Monday, July 8, 2013

Homeowner Forced To Refinance To Save Home After Being Hit With Foreclosure Notice On Mortgage-Free Residence Over Unpaid, 2006 Property Tax Bill; Investor Purchased Tax Lien, Then Allegedly Sat On It For Six Years Until $500 Debt Grew To $13K Before Notifying Homeowner

In Hartford, Connecticut, NBC Connecticut reports:

  • For nearly 40 years, Butch Lewis has strolled the streets of northeast Hartford. “I’ve been living on Vine Street for 37 years,” said Lewis. “Same house. Identical. My kids were raised in that house.”

    Lewis didn’t leave when the drug dealers tried taking over. Instead of turning away, Lewis started a neighborhood watch and helped turn this community around. “We fought back, run drug people out, and it’s quality of life,” he said.
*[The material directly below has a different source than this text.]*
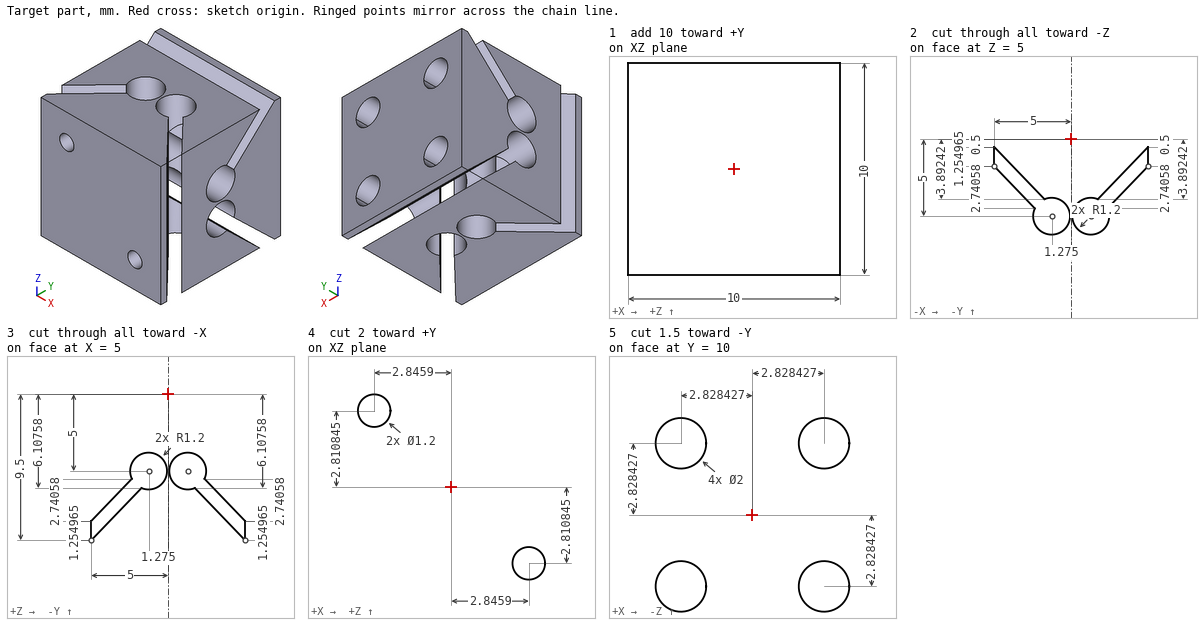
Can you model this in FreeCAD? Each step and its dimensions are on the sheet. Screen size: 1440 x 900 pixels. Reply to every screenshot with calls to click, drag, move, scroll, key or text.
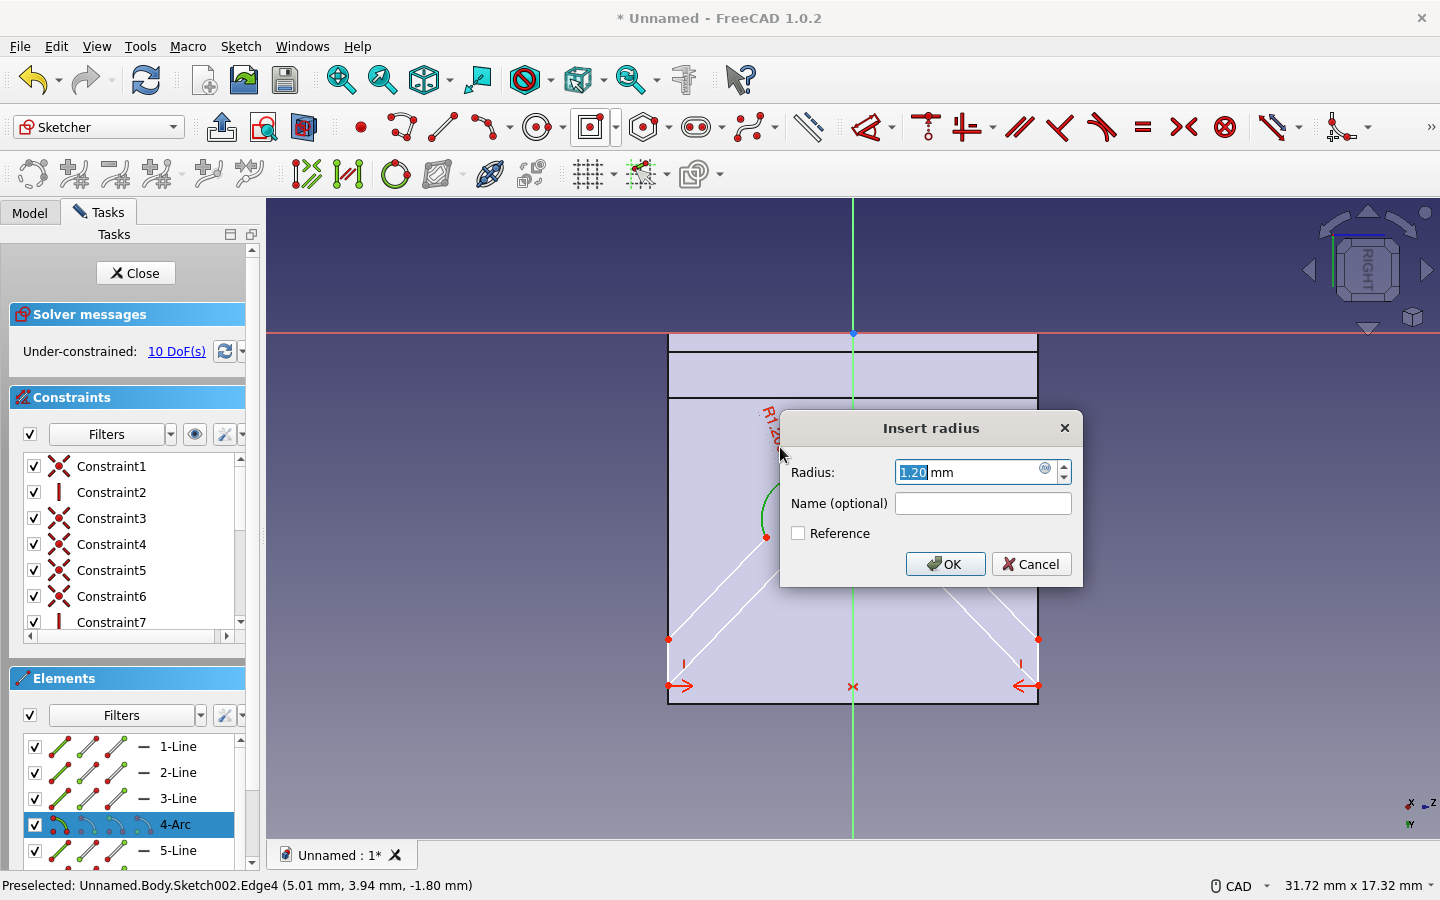
text(1.2)
key(Return)

    But a few months ago, Lewis got the shock of his life when he was served with foreclosure papers on the Vine Street home he’d already paid off. “This guy walks in the driveway and says, ‘We have a lien against your house. We’re going to take it,’” recalled Lewis.

    Turns out he was caught in a business transaction between Hartford and tax lien purchaser American Tax Funding, or ATF.
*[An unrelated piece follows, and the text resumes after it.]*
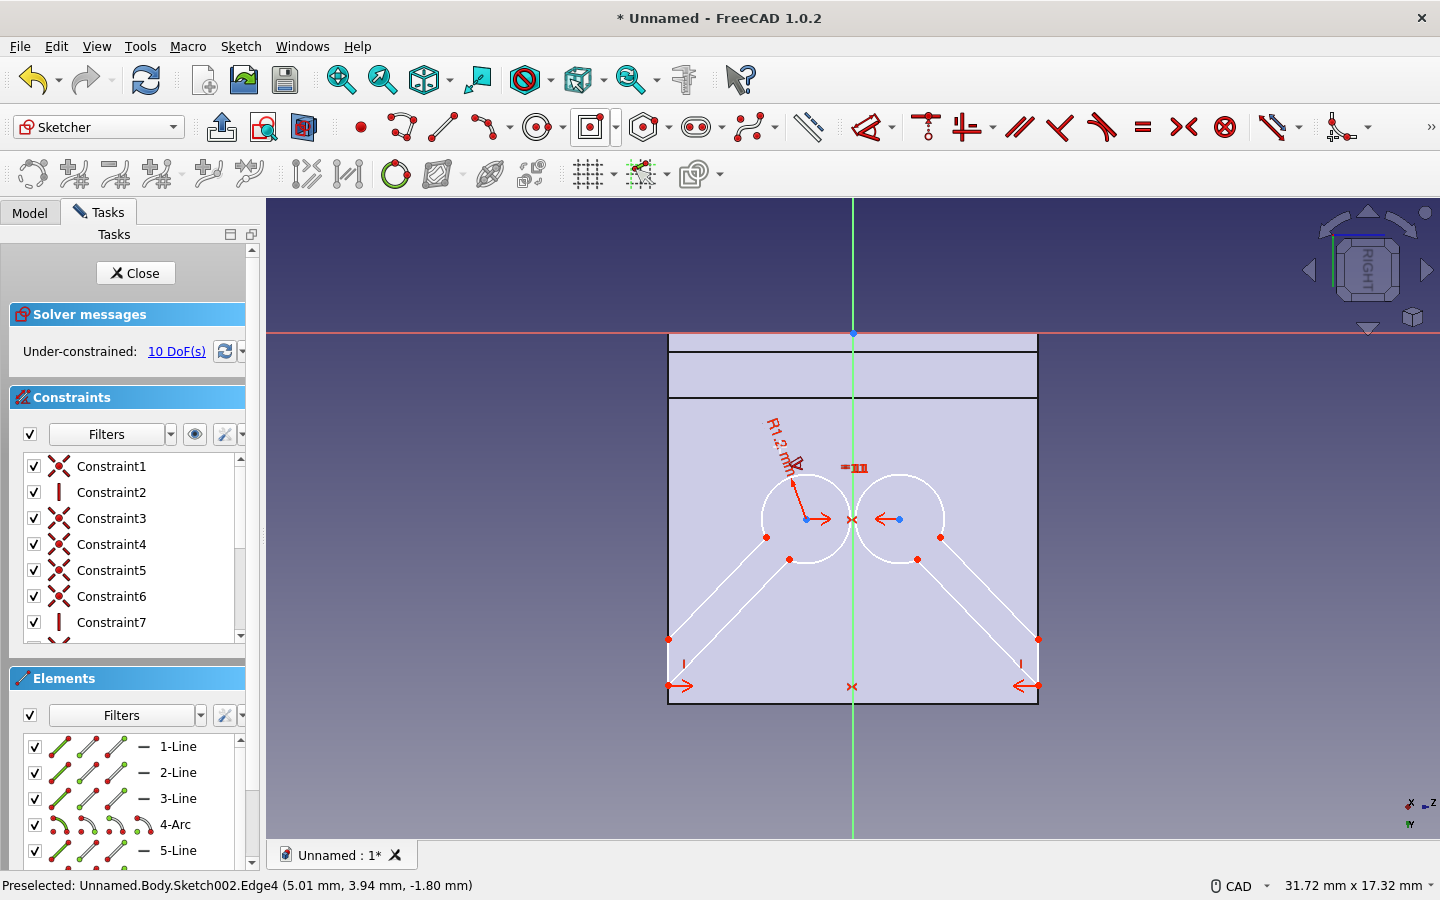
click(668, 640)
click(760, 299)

    It’s a common practice across the country: municipalities sell property tax liens to private companies. The companies take over the lien and by law can charge up to 18 percent interest on the back taxes – and foreclose if they don't get paid. It's a tried and true way for towns and cities to collect on delinquent taxes. But critics like City Councilman Larry Deutsch (Working Families Party) believe it shouldn't be happening.

    “We have to stop this practice,” said Deutsch.

    He explained that once the lien is sold, it is taken off of the city’s books. Lewis said he never knew he owed the city of Hartford $500 back in 2006, and didn’t even realize the lien was sold off.

    “We thought we were up to date. If you check our records and it says your taxes have been paid, you do not owe the City of Hartford [anything],” said Lewis. Lewis insisted that ATF only came calling after a $500 debt had skyrocketed over half a dozen years with interest and fees.

    It ended up being $13,000," Lewis said. "Yeah, at 18 percent." “It’s in the interest of the company to be very quiet and then after two, three, four, five years of 18 percent accumulating, then they’ll let someone know,” argued Councilman Deutsch.
  • In the meantime, Lewis isn’t going anywhere. He worked out an agreement with ATF to pay $10,000 by refinancing his home. “We are fortunate that we can do that, but what about the other people in this city?” asked Lewis.